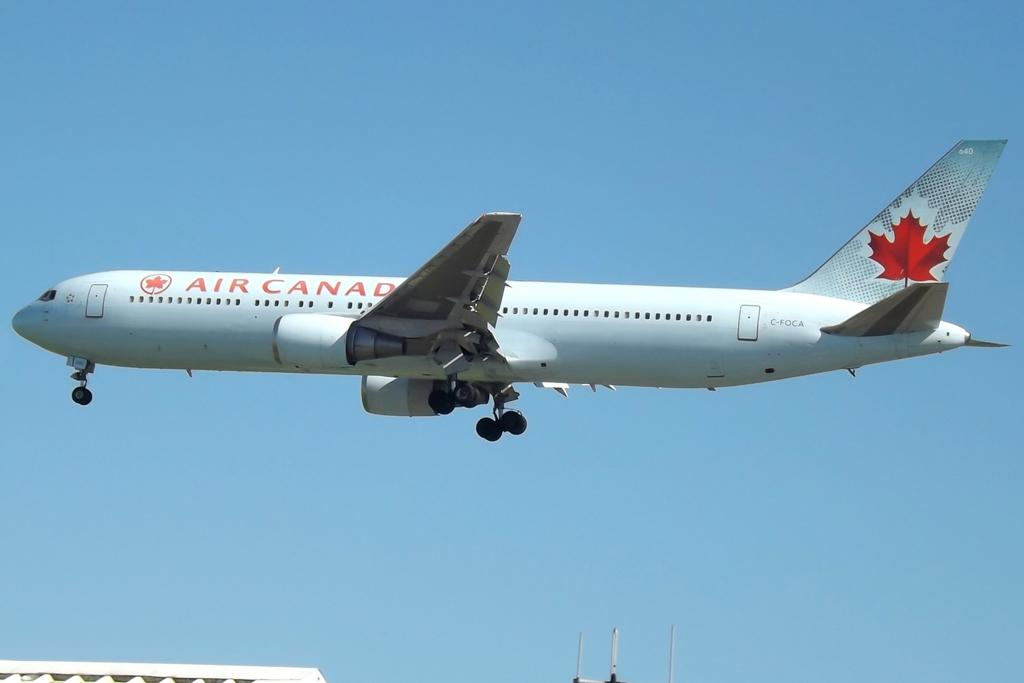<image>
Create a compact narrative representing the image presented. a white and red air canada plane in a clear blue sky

--

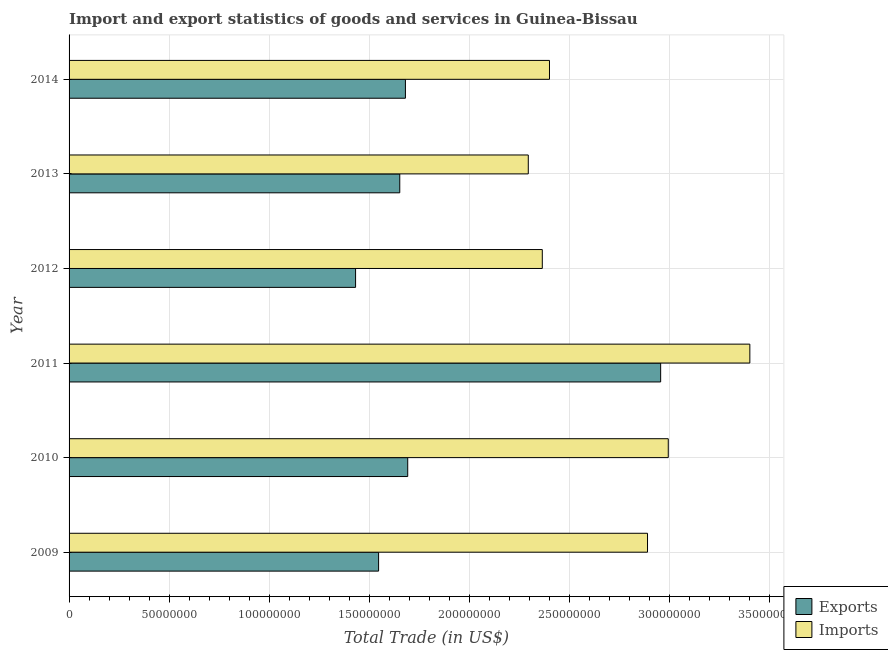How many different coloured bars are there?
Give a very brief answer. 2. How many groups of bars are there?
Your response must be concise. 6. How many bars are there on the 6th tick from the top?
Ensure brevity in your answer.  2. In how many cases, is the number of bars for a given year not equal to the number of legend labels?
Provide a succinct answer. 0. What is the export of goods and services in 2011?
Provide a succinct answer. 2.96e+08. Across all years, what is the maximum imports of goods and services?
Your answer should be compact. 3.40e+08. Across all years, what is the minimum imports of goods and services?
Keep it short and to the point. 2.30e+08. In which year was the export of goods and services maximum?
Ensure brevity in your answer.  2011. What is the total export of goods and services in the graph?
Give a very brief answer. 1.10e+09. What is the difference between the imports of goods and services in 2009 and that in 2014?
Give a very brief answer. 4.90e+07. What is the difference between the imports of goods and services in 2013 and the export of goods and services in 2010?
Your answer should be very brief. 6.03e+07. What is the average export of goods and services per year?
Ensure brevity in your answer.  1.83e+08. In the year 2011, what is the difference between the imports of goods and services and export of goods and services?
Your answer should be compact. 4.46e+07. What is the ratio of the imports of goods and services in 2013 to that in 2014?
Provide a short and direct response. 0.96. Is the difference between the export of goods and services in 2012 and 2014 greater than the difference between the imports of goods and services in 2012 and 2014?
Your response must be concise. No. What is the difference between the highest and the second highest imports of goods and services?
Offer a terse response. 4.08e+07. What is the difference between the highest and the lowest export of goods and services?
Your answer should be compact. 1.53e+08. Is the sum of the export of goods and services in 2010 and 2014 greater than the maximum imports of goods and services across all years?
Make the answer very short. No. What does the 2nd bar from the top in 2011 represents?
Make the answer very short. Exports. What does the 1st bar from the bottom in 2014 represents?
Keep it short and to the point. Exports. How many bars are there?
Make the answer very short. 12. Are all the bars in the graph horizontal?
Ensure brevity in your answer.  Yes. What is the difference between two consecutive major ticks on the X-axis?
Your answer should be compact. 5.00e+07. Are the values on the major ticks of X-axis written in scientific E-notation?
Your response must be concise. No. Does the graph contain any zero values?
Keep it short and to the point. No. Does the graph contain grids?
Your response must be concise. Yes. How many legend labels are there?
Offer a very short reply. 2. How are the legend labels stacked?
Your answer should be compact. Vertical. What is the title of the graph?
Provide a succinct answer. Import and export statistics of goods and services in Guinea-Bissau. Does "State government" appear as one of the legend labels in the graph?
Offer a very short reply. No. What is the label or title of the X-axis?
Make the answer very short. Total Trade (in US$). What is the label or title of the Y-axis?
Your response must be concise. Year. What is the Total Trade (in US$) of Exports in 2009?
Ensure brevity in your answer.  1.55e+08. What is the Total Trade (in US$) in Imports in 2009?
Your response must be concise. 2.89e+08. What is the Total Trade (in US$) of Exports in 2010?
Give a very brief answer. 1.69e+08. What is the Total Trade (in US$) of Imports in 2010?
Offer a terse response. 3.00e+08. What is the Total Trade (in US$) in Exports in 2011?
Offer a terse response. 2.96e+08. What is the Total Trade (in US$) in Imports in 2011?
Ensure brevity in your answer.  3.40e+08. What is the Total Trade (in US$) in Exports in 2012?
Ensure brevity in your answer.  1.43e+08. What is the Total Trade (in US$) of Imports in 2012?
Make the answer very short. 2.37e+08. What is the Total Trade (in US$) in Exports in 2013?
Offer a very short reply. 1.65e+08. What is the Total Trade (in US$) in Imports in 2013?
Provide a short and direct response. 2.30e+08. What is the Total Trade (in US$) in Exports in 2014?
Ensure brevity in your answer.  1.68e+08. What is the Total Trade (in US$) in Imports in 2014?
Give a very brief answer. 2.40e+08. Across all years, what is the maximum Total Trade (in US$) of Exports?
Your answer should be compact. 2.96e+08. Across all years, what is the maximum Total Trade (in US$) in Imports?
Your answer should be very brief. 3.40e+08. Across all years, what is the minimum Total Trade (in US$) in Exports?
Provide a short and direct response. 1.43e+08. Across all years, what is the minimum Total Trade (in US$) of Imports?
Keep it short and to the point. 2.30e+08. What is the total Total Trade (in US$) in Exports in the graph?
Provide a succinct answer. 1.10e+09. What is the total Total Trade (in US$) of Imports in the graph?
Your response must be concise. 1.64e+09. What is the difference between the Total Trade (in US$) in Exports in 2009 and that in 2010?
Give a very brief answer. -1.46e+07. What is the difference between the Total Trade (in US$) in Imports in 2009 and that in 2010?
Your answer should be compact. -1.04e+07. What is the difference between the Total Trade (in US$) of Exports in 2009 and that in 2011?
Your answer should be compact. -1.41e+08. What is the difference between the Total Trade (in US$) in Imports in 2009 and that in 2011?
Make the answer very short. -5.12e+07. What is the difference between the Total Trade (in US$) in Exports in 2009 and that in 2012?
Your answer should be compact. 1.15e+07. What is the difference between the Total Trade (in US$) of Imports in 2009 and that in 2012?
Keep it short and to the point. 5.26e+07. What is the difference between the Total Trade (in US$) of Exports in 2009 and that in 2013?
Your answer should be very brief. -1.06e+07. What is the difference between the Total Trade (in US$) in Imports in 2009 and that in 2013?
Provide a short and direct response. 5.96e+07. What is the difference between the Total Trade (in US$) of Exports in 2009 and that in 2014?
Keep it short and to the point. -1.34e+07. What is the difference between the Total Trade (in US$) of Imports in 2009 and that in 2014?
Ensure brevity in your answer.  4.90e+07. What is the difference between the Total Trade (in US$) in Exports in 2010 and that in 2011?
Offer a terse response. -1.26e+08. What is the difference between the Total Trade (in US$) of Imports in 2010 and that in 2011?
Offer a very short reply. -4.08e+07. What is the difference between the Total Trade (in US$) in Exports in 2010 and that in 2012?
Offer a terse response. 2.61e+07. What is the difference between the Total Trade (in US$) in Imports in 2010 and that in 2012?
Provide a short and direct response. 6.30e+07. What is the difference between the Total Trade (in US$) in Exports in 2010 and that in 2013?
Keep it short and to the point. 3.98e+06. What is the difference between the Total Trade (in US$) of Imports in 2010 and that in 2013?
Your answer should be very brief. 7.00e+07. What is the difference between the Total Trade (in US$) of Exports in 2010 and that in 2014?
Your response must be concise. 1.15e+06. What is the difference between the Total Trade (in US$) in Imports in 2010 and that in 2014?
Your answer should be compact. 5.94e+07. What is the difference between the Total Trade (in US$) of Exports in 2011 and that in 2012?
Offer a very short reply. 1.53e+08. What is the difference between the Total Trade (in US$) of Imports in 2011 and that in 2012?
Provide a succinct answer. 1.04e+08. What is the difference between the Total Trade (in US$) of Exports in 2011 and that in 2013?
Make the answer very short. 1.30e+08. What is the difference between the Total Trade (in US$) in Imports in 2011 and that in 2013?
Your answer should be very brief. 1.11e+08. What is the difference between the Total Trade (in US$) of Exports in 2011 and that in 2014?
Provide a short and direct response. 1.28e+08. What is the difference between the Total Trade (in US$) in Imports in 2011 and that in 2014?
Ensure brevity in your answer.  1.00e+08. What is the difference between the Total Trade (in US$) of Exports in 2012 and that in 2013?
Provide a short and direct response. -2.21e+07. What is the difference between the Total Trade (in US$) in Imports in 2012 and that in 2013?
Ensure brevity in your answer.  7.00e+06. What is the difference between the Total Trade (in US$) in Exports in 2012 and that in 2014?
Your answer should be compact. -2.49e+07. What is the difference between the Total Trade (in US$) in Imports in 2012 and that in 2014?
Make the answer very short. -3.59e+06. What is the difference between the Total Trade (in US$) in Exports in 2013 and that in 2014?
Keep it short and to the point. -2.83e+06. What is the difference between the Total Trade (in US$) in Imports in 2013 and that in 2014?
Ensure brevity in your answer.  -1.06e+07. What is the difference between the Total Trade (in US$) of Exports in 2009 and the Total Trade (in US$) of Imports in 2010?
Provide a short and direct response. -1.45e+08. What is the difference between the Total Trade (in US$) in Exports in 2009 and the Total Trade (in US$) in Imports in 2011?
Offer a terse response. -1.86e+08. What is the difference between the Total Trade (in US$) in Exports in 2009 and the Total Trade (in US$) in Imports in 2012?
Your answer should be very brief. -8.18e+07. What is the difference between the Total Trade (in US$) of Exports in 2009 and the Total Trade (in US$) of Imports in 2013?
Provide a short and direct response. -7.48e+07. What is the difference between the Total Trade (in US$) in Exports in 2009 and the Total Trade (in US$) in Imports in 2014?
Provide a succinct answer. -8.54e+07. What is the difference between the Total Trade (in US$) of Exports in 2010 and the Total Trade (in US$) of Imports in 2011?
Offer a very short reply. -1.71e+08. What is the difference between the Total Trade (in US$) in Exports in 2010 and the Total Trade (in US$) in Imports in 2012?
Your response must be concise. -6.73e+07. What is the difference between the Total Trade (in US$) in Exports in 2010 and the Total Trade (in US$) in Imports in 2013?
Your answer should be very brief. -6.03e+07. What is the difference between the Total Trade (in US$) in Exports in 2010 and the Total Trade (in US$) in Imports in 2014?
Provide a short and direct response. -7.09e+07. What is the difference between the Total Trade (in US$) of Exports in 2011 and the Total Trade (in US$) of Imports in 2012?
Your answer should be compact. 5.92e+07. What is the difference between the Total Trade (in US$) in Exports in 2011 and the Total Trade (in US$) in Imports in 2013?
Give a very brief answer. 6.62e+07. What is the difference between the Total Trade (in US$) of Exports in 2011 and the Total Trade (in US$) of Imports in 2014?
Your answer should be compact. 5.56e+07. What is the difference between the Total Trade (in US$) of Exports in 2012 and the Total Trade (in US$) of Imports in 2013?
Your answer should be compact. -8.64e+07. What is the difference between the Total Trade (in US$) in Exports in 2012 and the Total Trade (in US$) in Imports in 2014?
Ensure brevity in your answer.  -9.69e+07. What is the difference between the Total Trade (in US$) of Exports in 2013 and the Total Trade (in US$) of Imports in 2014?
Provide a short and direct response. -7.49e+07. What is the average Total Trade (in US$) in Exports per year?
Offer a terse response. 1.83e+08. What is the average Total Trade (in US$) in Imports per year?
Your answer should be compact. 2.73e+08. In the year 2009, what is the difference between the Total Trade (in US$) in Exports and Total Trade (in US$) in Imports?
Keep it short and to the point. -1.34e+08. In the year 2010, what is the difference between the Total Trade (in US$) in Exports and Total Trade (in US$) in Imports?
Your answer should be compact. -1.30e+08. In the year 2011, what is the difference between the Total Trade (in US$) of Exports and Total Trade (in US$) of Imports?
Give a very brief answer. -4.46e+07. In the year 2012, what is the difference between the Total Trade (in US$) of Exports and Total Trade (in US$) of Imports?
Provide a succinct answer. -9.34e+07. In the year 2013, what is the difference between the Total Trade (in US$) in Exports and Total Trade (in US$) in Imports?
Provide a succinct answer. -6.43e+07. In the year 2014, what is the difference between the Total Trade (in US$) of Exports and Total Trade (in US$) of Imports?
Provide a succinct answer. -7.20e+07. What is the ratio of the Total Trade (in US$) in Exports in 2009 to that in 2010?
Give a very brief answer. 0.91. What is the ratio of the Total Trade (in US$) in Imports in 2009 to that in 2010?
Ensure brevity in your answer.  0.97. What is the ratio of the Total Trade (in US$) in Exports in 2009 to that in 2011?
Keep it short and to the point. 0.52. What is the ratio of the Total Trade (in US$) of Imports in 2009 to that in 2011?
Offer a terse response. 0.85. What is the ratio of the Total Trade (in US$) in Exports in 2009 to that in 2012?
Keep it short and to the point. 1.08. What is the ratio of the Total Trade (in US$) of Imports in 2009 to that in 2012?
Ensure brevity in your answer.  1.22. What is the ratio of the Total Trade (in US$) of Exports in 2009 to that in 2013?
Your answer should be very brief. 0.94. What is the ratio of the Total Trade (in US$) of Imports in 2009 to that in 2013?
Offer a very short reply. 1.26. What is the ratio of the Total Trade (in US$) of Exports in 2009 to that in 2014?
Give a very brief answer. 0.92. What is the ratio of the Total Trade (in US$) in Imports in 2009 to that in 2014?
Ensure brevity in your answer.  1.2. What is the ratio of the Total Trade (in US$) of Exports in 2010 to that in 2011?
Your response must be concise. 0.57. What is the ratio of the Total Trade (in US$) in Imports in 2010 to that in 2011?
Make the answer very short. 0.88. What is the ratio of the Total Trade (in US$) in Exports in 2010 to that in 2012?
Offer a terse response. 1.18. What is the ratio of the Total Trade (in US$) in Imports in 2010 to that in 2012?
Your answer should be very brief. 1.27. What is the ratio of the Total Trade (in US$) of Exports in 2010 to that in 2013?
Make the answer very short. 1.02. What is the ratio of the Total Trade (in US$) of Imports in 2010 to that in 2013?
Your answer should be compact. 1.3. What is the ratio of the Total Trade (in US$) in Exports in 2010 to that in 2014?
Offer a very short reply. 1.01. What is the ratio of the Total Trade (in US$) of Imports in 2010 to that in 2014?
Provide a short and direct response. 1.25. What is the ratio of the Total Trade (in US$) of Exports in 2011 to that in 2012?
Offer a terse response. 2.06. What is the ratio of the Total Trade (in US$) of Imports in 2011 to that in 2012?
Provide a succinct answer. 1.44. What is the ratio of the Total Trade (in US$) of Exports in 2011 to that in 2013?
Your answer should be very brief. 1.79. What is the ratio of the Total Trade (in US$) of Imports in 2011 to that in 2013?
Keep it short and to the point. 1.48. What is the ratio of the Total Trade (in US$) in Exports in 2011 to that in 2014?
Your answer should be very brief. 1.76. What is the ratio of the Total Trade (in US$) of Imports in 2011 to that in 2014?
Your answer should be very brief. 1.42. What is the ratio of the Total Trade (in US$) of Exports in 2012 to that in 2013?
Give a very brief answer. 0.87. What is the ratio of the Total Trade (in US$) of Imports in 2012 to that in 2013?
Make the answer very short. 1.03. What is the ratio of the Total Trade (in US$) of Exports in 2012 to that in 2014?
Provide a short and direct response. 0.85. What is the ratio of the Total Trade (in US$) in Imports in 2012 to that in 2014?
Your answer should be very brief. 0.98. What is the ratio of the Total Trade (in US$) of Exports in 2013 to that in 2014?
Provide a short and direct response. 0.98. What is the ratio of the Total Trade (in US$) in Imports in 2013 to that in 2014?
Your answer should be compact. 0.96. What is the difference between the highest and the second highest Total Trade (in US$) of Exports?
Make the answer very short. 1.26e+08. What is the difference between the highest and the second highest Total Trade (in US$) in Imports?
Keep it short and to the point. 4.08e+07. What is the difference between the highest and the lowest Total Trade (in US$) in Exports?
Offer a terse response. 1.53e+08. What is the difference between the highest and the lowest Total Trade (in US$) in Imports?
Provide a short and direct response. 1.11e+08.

## What is being asked
Above are records; repeat only the lines starting at the line with "Keep it short and to the point. 1.08." and ending at the line with "Give a very brief answer. 0.92.", exactly as they appear, both included.

## Reply to the exercise
Keep it short and to the point. 1.08. What is the ratio of the Total Trade (in US$) of Imports in 2009 to that in 2012?
Ensure brevity in your answer.  1.22. What is the ratio of the Total Trade (in US$) of Exports in 2009 to that in 2013?
Your answer should be very brief. 0.94. What is the ratio of the Total Trade (in US$) of Imports in 2009 to that in 2013?
Offer a very short reply. 1.26. What is the ratio of the Total Trade (in US$) of Exports in 2009 to that in 2014?
Give a very brief answer. 0.92. What is the ratio of the Total Trade (in US$) in Imports in 2009 to that in 2014?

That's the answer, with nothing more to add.